I saw a lovely little silver tabby, only six months or so old, on my way home from Mary Mags this morning (Bruckner Locus Iste, Mass by same obscure Torontonian as last time). This reminded me that I have been meaning to post a picture of my cat. I was giving thanks for her miraculous continued existence on Thanksgiving, and it must be said that aged 19-and-a-half she is not as pretty as once she was. She is squinting into the light here, and doesn't look very welcoming. On the other hand, it winningly disguises her left cornea, horribly scarred from a fight she got into after the first of the six house-moves she has survived.

I named her Octavia because I was seven and I didn't know what pretension was or that it needed to be avoided. In fact, it may be possible to date my interest in the ancient world, and therefore the whole chain of events that has led to my utter refusal to get a proper job and support myself, to an infant school project on The Romans.
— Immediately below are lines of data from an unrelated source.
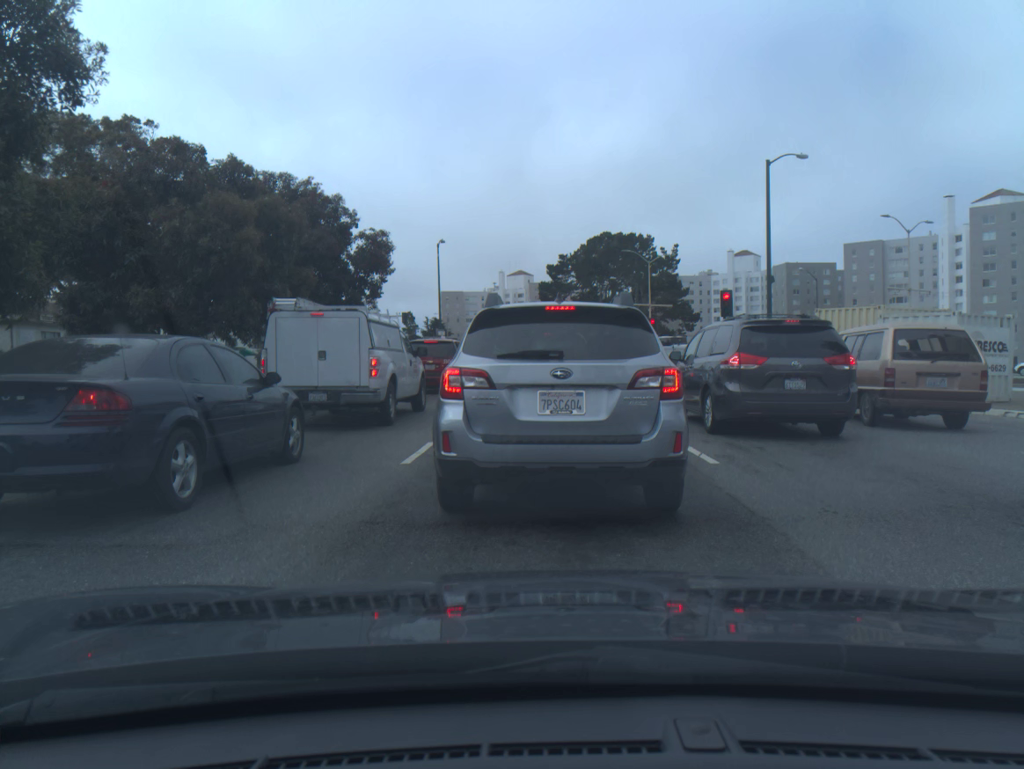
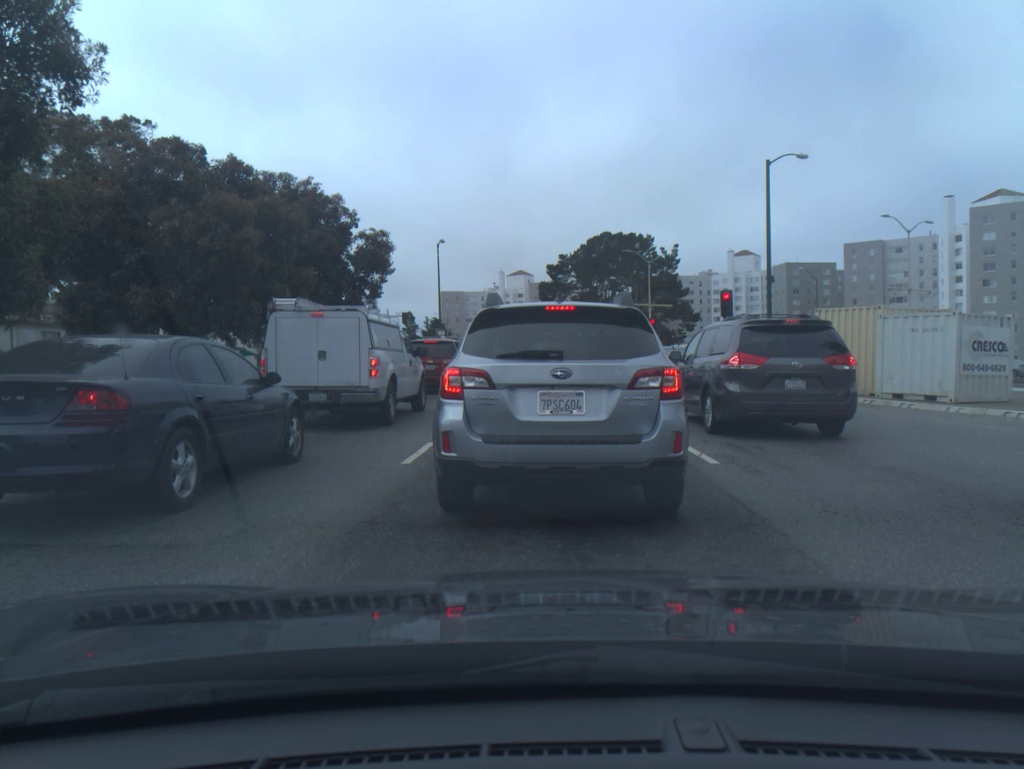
(0.0, 0.0) m; 0°
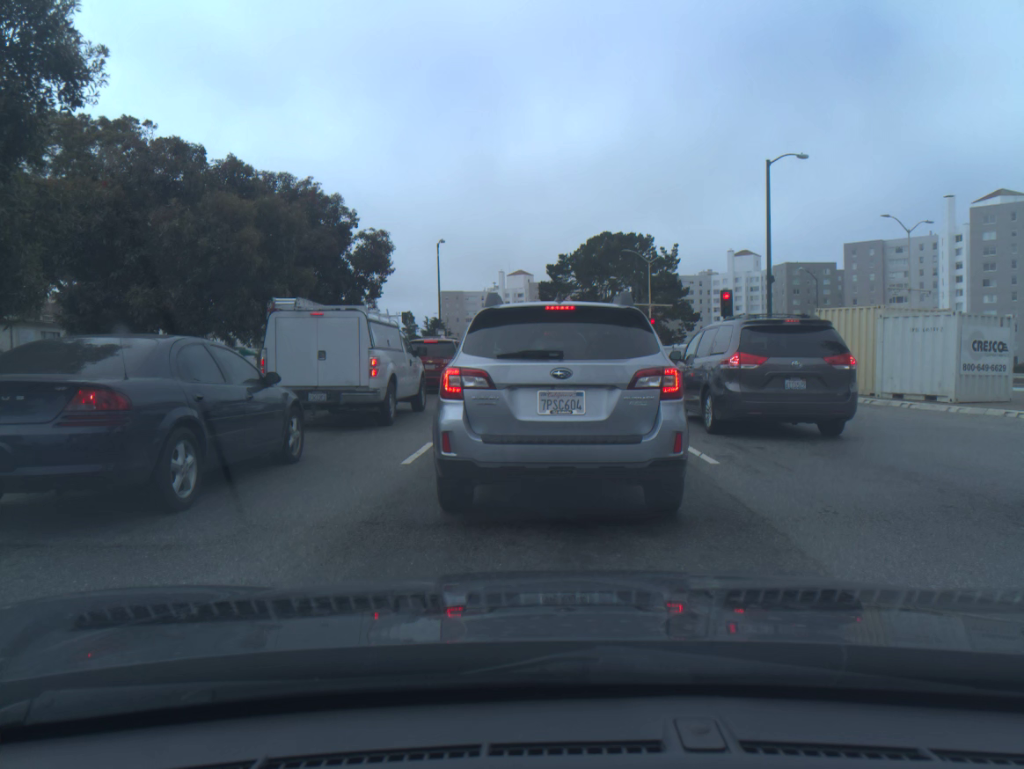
(0.0, 0.0) m; 0°
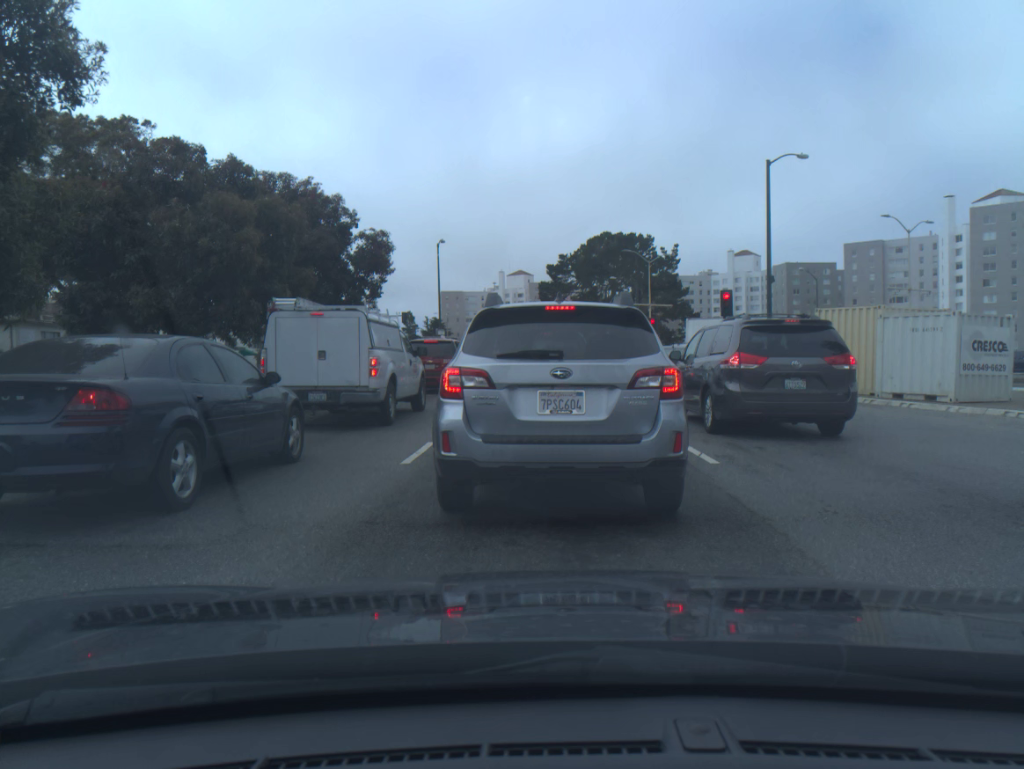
(0.0, 0.0) m; 0°
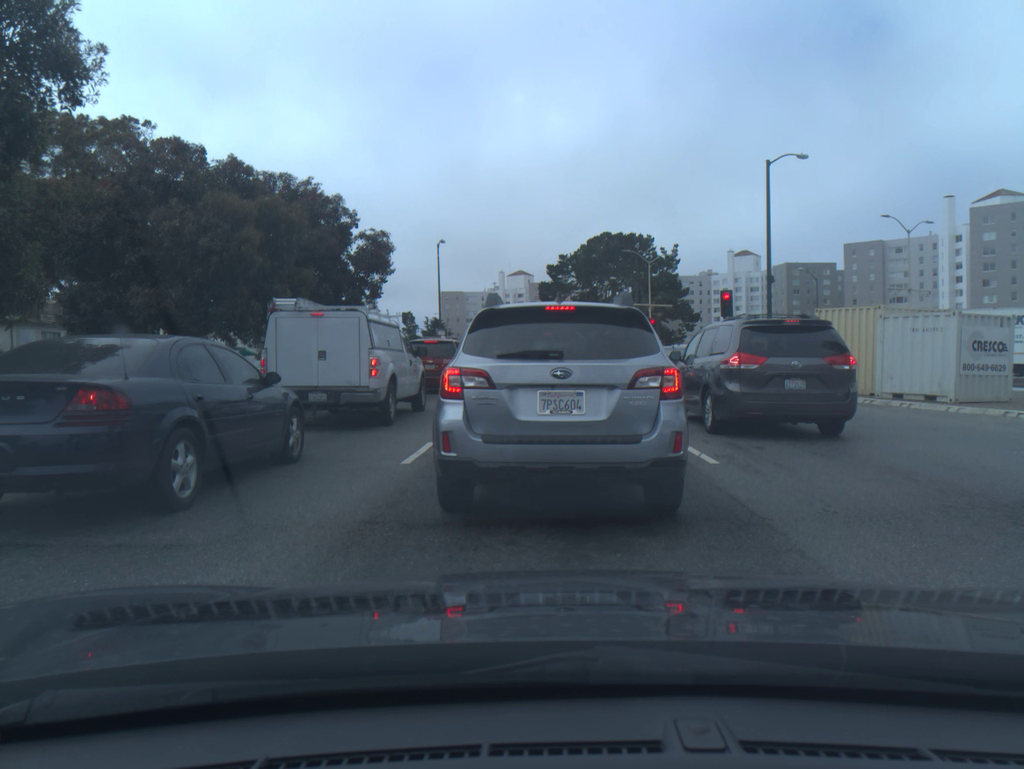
(0.0, 0.0) m; 0°
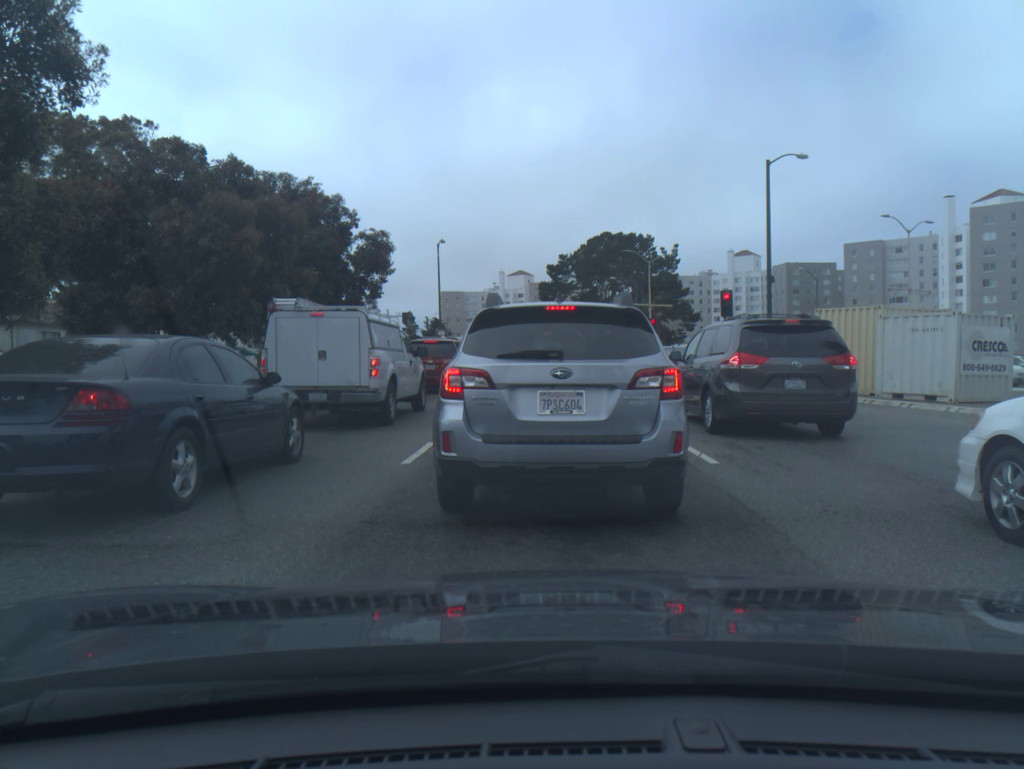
(0.0, 0.0) m; 0°
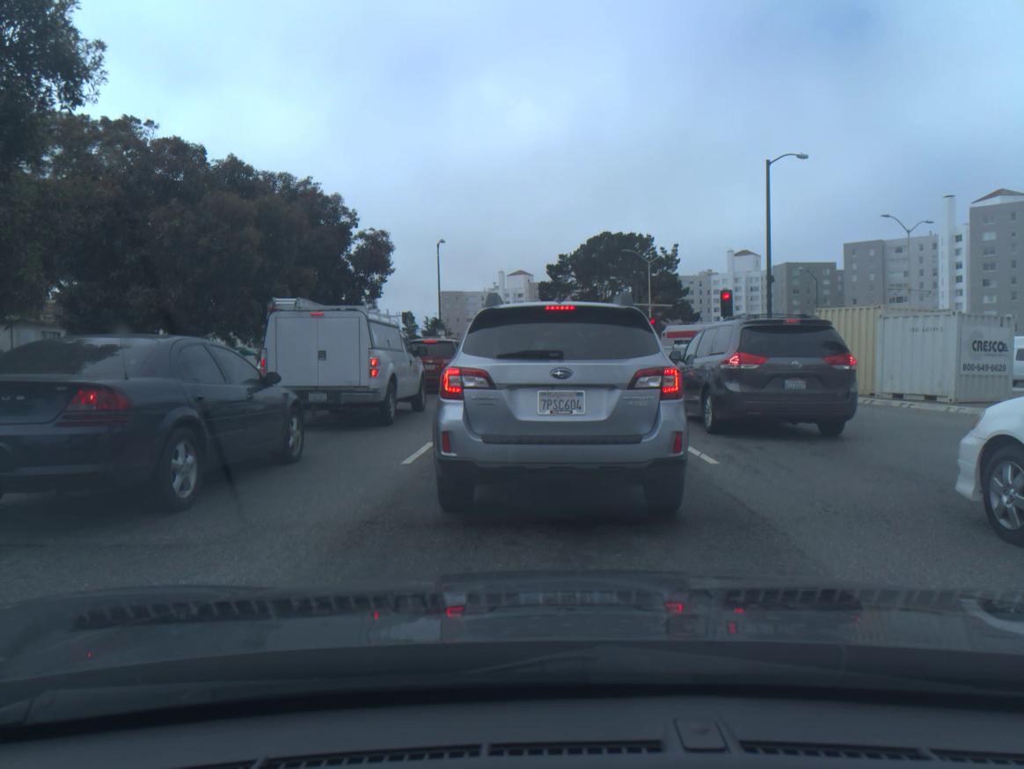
(0.0, 0.0) m; 0°

Aged six, I had finished my maths puzzle faster than anyone else (sic transit etc) and got first choice of a Roman Name. I actually chose Livia, but decided by the time the cat appeared that Octavia was much cooler - a choice made purely on the basis of euphony, I should add, since at that time I knew even less than I do now about the differences and similarities between one and another ruthlessly exploited and prematurely-aged broodmare of the early Roman imperial class.
Anyway, here she is, a bit tatty and dandruffy these days and with a strange propensity to start wailing in a manner that exactly resembles a crying baby, usually at about 5am. In October of 1987 she followed me home from a walk and her owners said we could keep her, so I have the great distinction of having been deliberately selected by my cat and not vice versa. At that time she was the size of this morning's silver tabby. And now that she is old and frail, she is about that size again.

1 Comments:

Anonymous Anonymous said...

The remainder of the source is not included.